=== Begin Enclosure ===
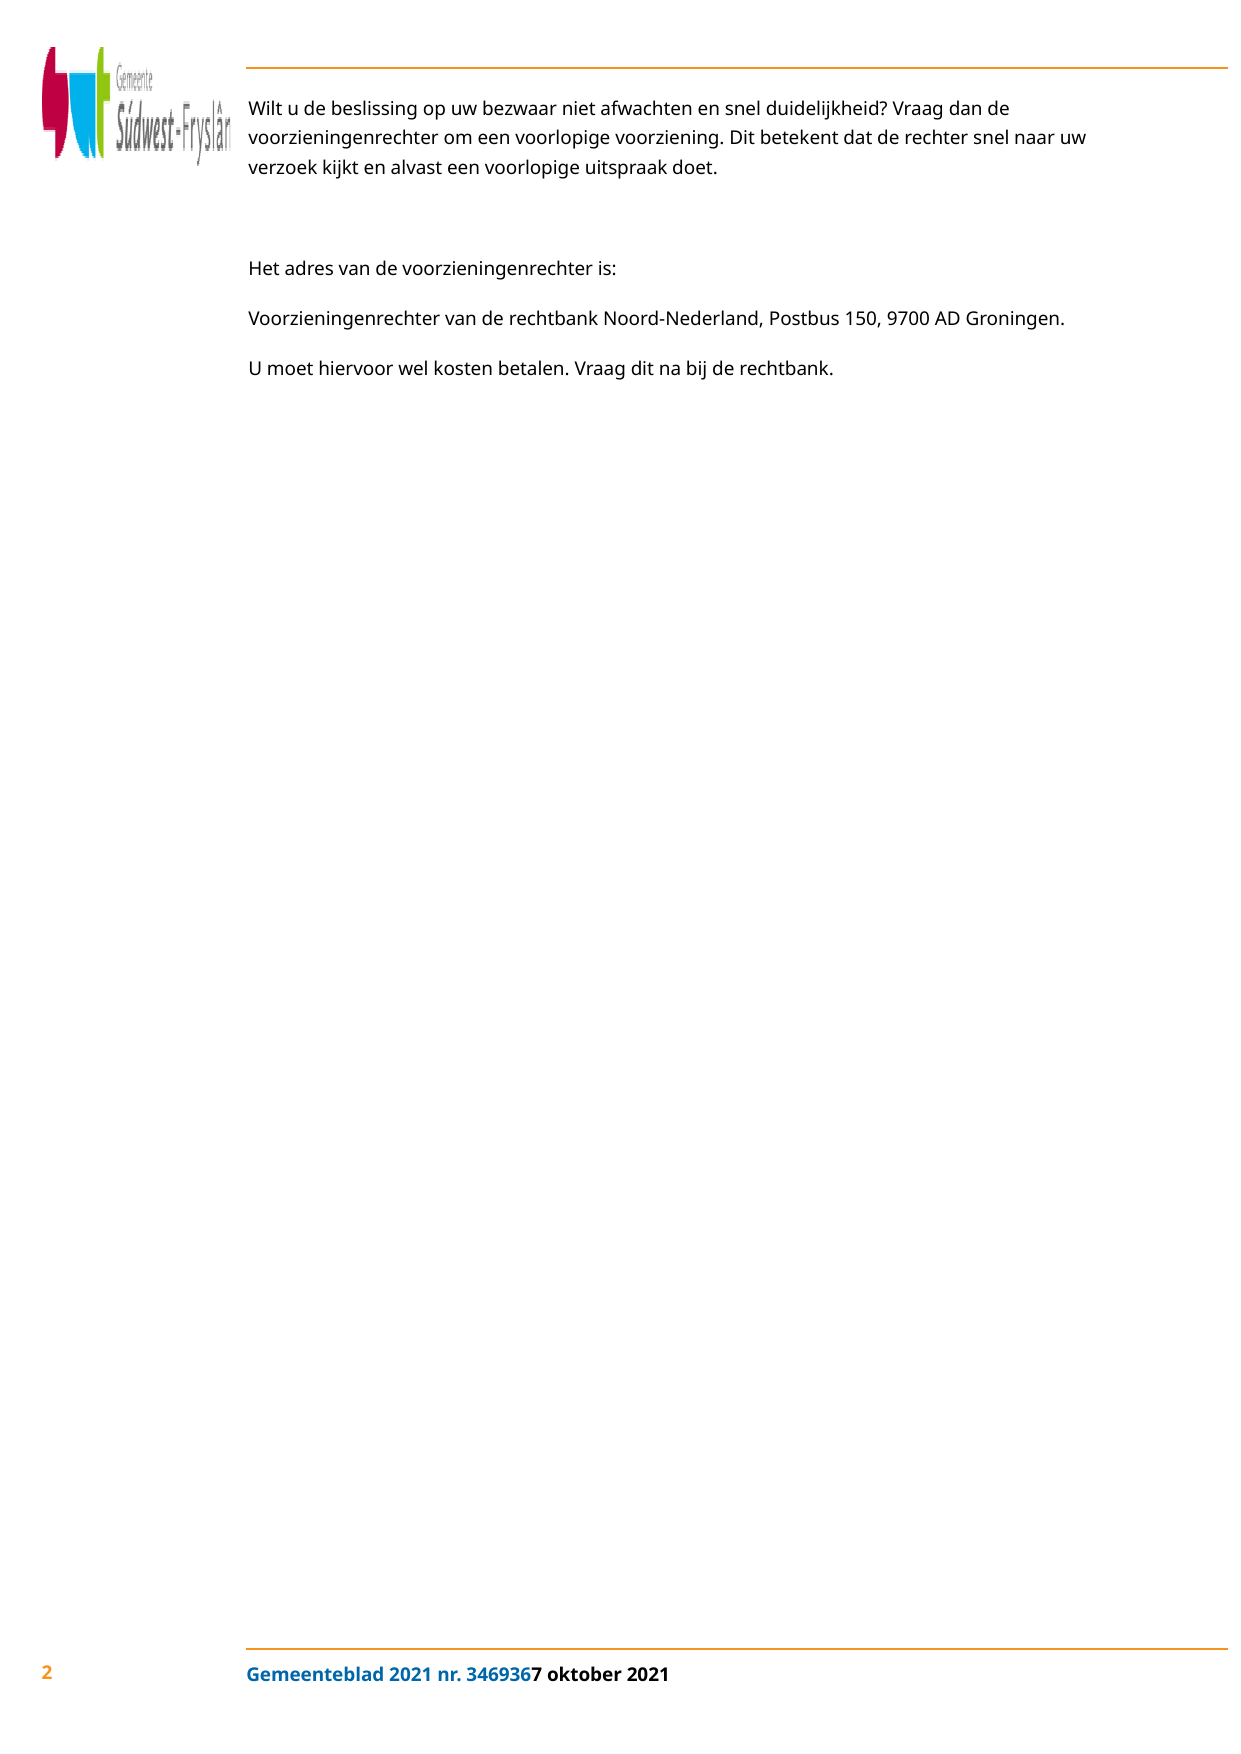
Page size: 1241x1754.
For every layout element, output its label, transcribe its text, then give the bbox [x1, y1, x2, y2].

text Wilt u de beslissing op uw bezwaar niet afwachten en snel duidelijkheid? Vraag dan de voorzieningenrechter om een voorlopige voorziening. Dit betekent dat de rechter snel naar uw verzoek kijkt en alvast een voorlopige uitspraak doet. [248, 95, 1152, 180]
text U moet hiervoor wel kosten betalen. Vraag dit na bij de rechtbank. [248, 356, 1152, 381]
picture [41, 47, 231, 172]
text Voorzieningenrechter van de rechtbank Noord-Nederland, Postbus 150, 9700 AD Groningen. [248, 305, 1152, 331]
text Het adres van de voorzieningenrechter is: [248, 255, 1152, 281]
=== End Enclosure ===
(Exercise prompt):
Make an exact copy of the records, pictures excluded.

(Answer box):
Page size: 1241x1754.
For every layout element, output its label, transcribe its text, then give the bbox [x1, y1, x2, y2].

text Wilt u de beslissing op uw bezwaar niet afwachten en snel duidelijkheid? Vraag dan de voorzieningenrechter om een voorlopige voorziening. Dit betekent dat de rechter snel naar uw verzoek kijkt en alvast een voorlopige uitspraak doet. [248, 95, 1152, 180]
text U moet hiervoor wel kosten betalen. Vraag dit na bij de rechtbank. [248, 356, 1152, 381]
picture [41, 47, 231, 172]
text Voorzieningenrechter van de rechtbank Noord-Nederland, Postbus 150, 9700 AD Groningen. [248, 305, 1152, 331]
text Het adres van de voorzieningenrechter is: [248, 255, 1152, 281]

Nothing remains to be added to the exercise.